China Grand Automotive Services, the second-largest automaker in mainland China; Car dealer Toyota, the world’s second-largest car maker by sales, is set to be booted from the Shanghai Stock Exchange after its shares fell below par value for 20 consecutive days, the latest sign of cracks emerging in the world’s largest auto market.
Shares in the Shanghai-based company fell 10 percent, the daily trading limit, to close at 0.87 yuan (12 U.S. cents) on Tuesday. This marks the 19th consecutive trading day that Grand Automotive shares have fallen below the 1 yuan benchmark.
Even if it rises by 10 percent on Wednesday, the daily trading limit, it is unlikely to breach the 1 yuan level. Under exchange rules, if a stock falls below its par value of 1 yuan for 20 consecutive days, it will be halted from trading and delisted.

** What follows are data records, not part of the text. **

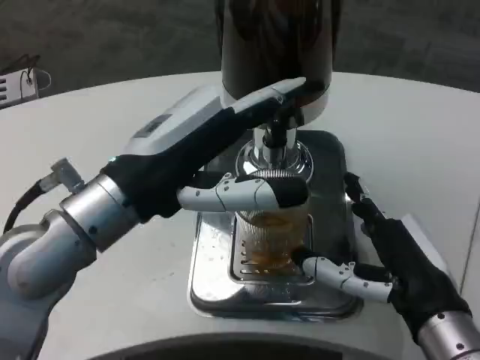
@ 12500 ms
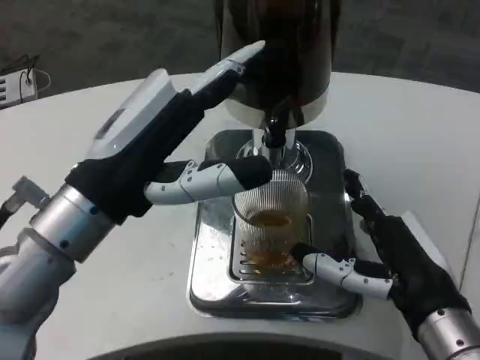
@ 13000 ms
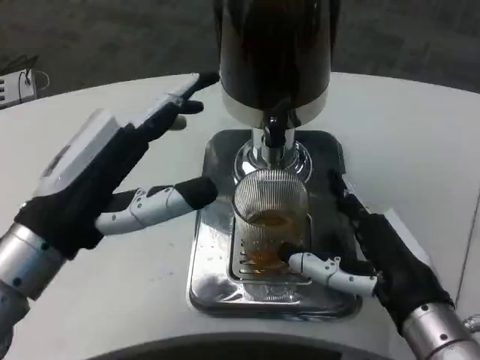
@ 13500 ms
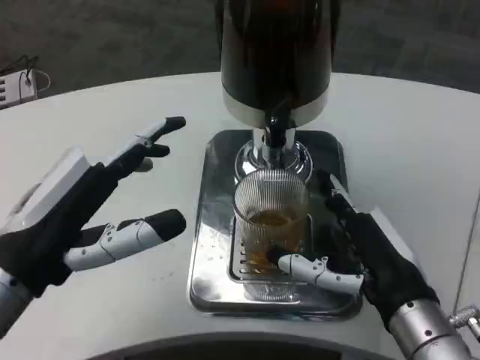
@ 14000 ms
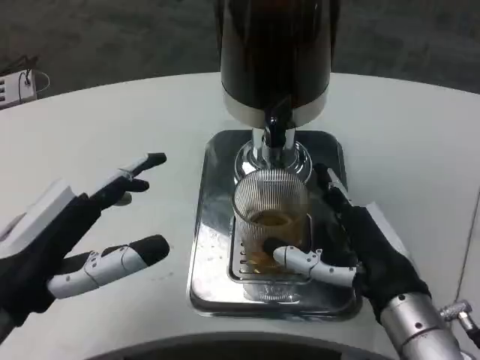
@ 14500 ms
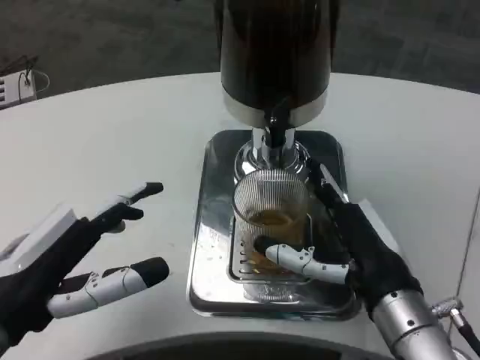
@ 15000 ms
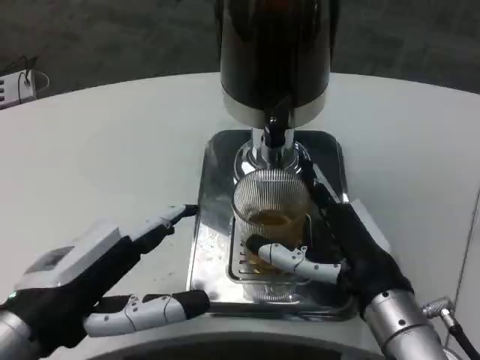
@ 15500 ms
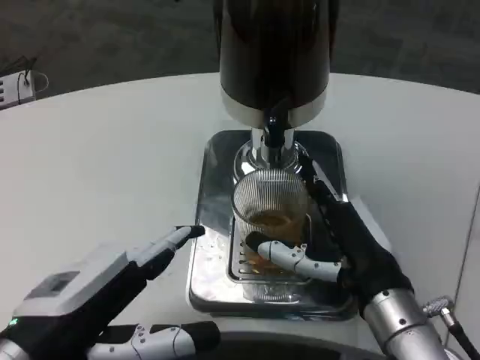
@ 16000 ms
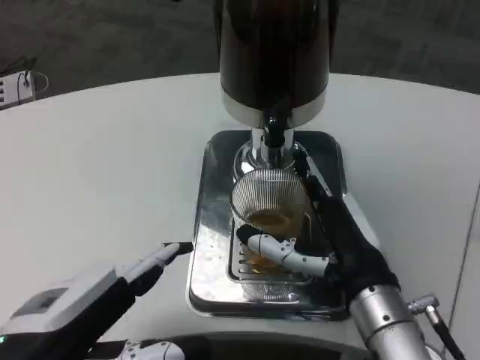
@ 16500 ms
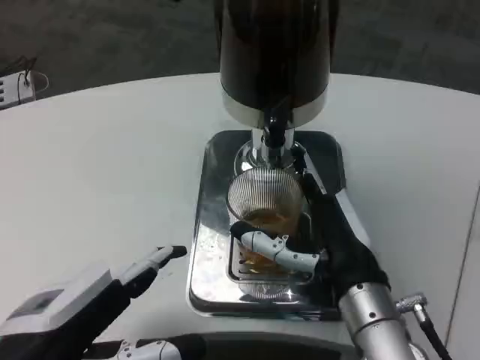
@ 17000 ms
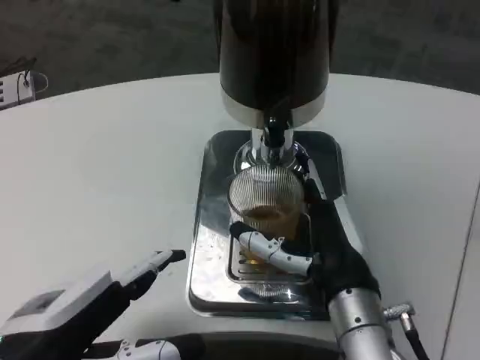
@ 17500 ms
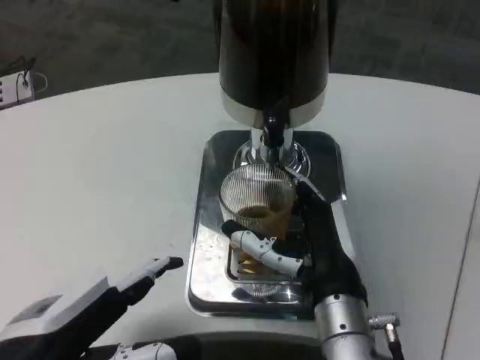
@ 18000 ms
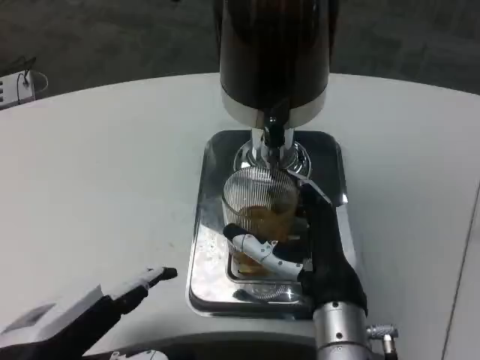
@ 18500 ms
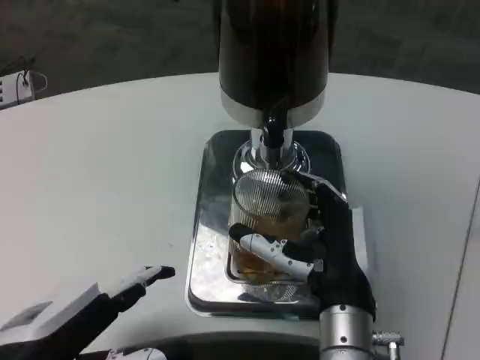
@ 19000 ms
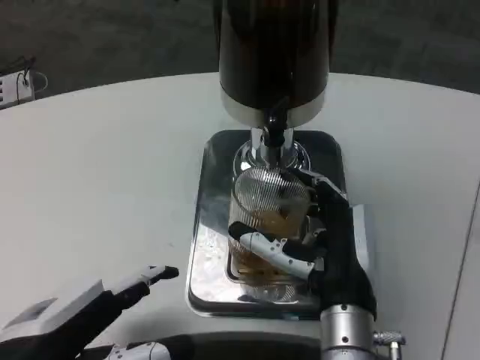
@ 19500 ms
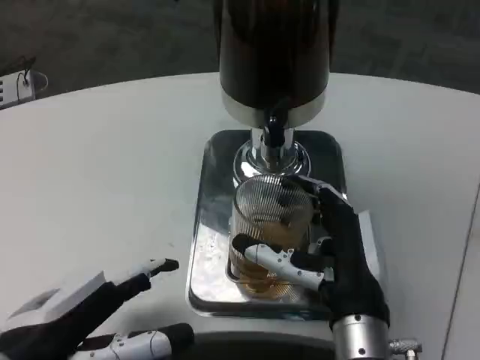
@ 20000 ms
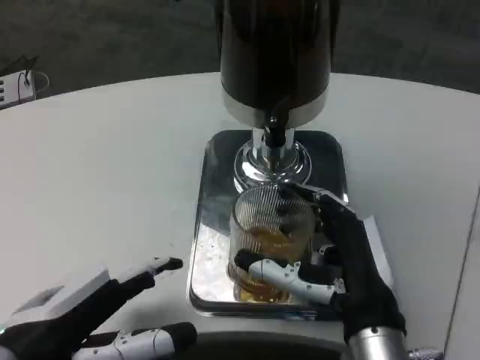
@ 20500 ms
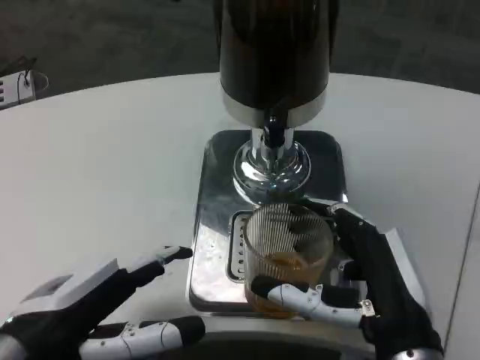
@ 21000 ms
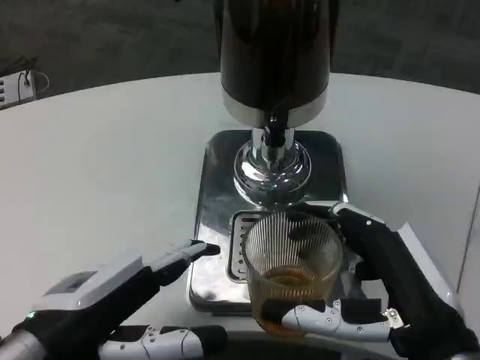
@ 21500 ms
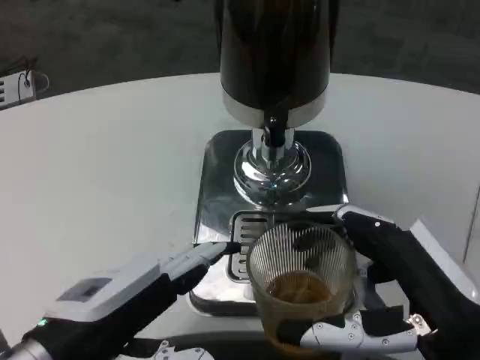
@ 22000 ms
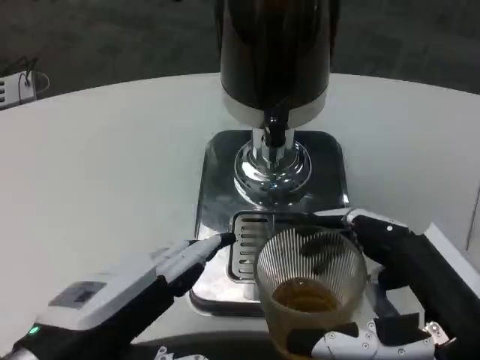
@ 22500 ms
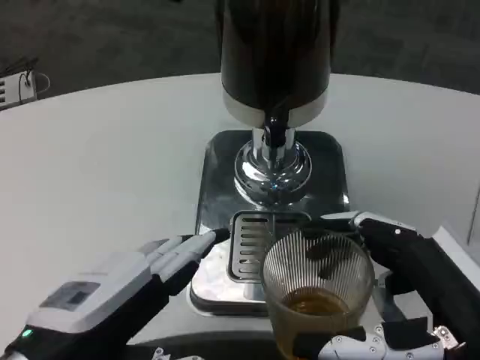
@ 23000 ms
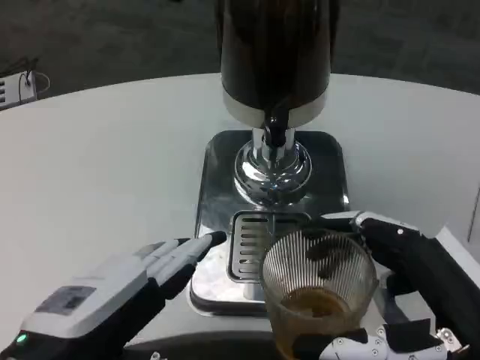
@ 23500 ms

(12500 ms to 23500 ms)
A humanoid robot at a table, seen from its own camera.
Task of the whole recording: Grasp the cup under the faucet to collect the drink, then remove the cup.
12500 ms - 14500 ms: The left hand is displaced to the left, downward and backward by about 10 cm.
16000 ms - 18000 ms: The right hand heads to the left, covering approximately 5 cm.
18000 ms - 20000 ms: There are only small adjustments of the hands.
20000 ms - 21500 ms: The right hand goes approximately 10 cm to the right and backward.
21500 ms - 23500 ms: The right hand shifts by some 5 cm.

“The company’s shares have been treated coldly by investors, reflecting their bearish view of the business prospects of auto dealers,” said Ding Haifeng, a consultant at Integrity, a financial consultancy in Shanghai.Increasing popularity of electric vehicles (EVs)“New sales models and increased competition are making it extremely difficult for gasoline vehicle dealers to survive.”
Grand Automotive becomes the second car dealer to be delisted from the stock exchange in about a year, after Panda Automobile Trade was delisted in June 2023.
12:53
“Overtaking at the curve”: How China’s EV industry is dominating the global market
“Overtaking at the curve”: How China’s EV industry is dominating the global market
The company sells luxury vehicles under brands such as BMW, Audi and Volvo through more than 730 dealerships nationwide.
Grand Automotive, a unit of Xinjiang Guanghui Industrial Investment Group, reported delivering 713,500 vehicles and earning 138 billion yuan in 2023, making it the second-largest automaker in terms of sales after Zhongsheng Group Holdings.
The car dealership posted a net profit of 392 million yuan last year, improving from a net loss of 2.66 billion yuan in 2022.
As of Tuesday, Grand Automotive was valued at 7.2 billion yuan, based on a closing price of 0.87 yuan.
The penetration rate of electric vehicles in China, the world’s largest automobile producing country Electric vehicle marketElectric vehicle penetration has soared to 40% from about 1% a decade ago as millions of gasoline-powered cars are replaced with battery-powered vehicles with autonomous driving technology and digital cockpits.
Currently, most EV brands, from Tesla to startups, Nio and ScheppenTo reach younger customers, we have built and run our own sales network using e-commerce platforms.
China’s overcapacity-plagued auto industry faces an uphill battle to improve profitability amid intensifying price competition.
Among the top players BYDTesla, the world’s best-selling EV maker, and Li Auto, Tesla’s direct rival in mainland China, have both reported profits so far this year.
In April, Goldman Sachs said in a research report that if BYD could further reduce its average selling price by 10,300 yuan per vehicle, or 7% of its average selling price, National EV industry This year we have suffered losses.
Cui Dongshu, secretary-general of the China Passenger Car Association, said in February that most mainland Chinese automakers were likely to continue cutting prices to maintain market share.